Rescission of Harassment Guidance (Section 7(c)(iv)): The EO specifically directs the EEOC to rescind its April 2024 Enforcement Guidance on Harassment in the Workplace, which interpreted Title VII harassment to prohibit harassment based on gender identity and transgender status. For now, the EEOC cannot rescind the guidance because it lacks a quorum of commissioners. In the meantime, however, a federal district court judge in Texas vacated those portions of the Harassment Guidance that address:

  • the use of preferred pronouns,
  • facilities like bathrooms that are typically divided along based on sex, and
  • appearance.

The EEOC has left the Harassment Guidance on its website for now but has highlighted the sections of the document that the judge has ruled invalid.

Federal Funding Restrictions

  1. In addition to its impact on employment discrimination, the use of the new definitions of “male” and “female” may affect local government human services programs, housing and community development programs, and education programs that are funded in whole or in part by federal funds. The EO directs that
  2. Federal funds shall not be used to promote gender ideology. Each agency shall assess grant conditions and grantee preferences and ensure grant funds do not promote gender ideology.

The EO defines “gender ideology” as “an ever-shifting concept of self-assessed gender identity, permitting the false claim that males can identify as and thus become women and vice versa . . . .” Accordingly, local governments should review their grant application for federal funding and be alert to any new guidance by federal funding agencies to ensure compliance with the . 

BOTTOM LINE: WHAT SHOULD LOCAL GOVERNMENTS DO IN RESPONSE TO EO 14168?

As far as employment practices, there are no new actions that local government employers must take. Bostock v. Clayton County remains controlling law, and employers must still guard against making employment decisions based on sex, including sexual orientation and transgender status. Harassment and hostile work environments based on those characteristics are still generally unlawful. However, whether unlawful harassment includes refusing to use an employee’s preferred pronouns or their manner of presenting themselves is, in the author’s opinion, something left open by Bostock. Expressly left open by the Bostock court is whether nonbinary and transgender employees must be allowed to use the bathrooms or locker rooms assigned to the sex with which they identify.

New EEOC Enforcement Priorities: The new EO directs the EEOC not to prioritize claims based on a failure to allow nonbinary and transgender employees to use the restroom of their choice.
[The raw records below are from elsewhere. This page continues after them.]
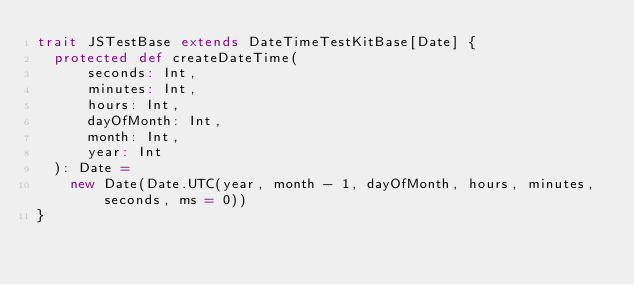Convert code to text. <code><loc_0><loc_0><loc_500><loc_500><_Scala_>trait JSTestBase extends DateTimeTestKitBase[Date] {
  protected def createDateTime(
      seconds: Int,
      minutes: Int,
      hours: Int,
      dayOfMonth: Int,
      month: Int,
      year: Int
  ): Date =
    new Date(Date.UTC(year, month - 1, dayOfMonth, hours, minutes, seconds, ms = 0))
}
</code> 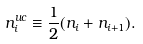<formula> <loc_0><loc_0><loc_500><loc_500>n _ { i } ^ { u c } \equiv \frac { 1 } { 2 } ( n _ { i } + n _ { i + 1 } ) .</formula> 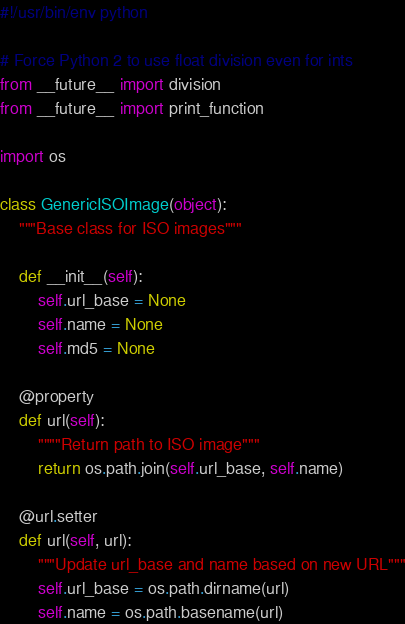<code> <loc_0><loc_0><loc_500><loc_500><_Python_>#!/usr/bin/env python

# Force Python 2 to use float division even for ints
from __future__ import division
from __future__ import print_function

import os

class GenericISOImage(object):
    """Base class for ISO images"""

    def __init__(self):
        self.url_base = None
        self.name = None
        self.md5 = None

    @property
    def url(self):
        """"Return path to ISO image"""
        return os.path.join(self.url_base, self.name)

    @url.setter
    def url(self, url):
        """Update url_base and name based on new URL"""
        self.url_base = os.path.dirname(url)
        self.name = os.path.basename(url)
</code> 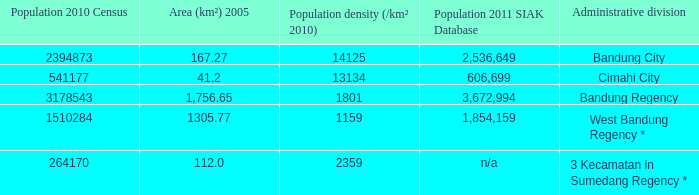What is the population density of bandung regency? 1801.0.

The EEOC is now likely to prioritize discrimination and harassment claims by women based on their employers allowing nonbinary and transgender employees who were born male to access to women’s restrooms and locker rooms.

CONCLUSION

Individual employers will make different decisions on difficult questions. “Do we accommodate restroom and locker room preferences?” “Do we penalize employees who refuse to use a nonbinary or transgender employee’s preferred pronouns?” These may be difficult decisions. They should be carefully discussed with the affected parties and no decision should be made without consulting with the city, county or agency attorney.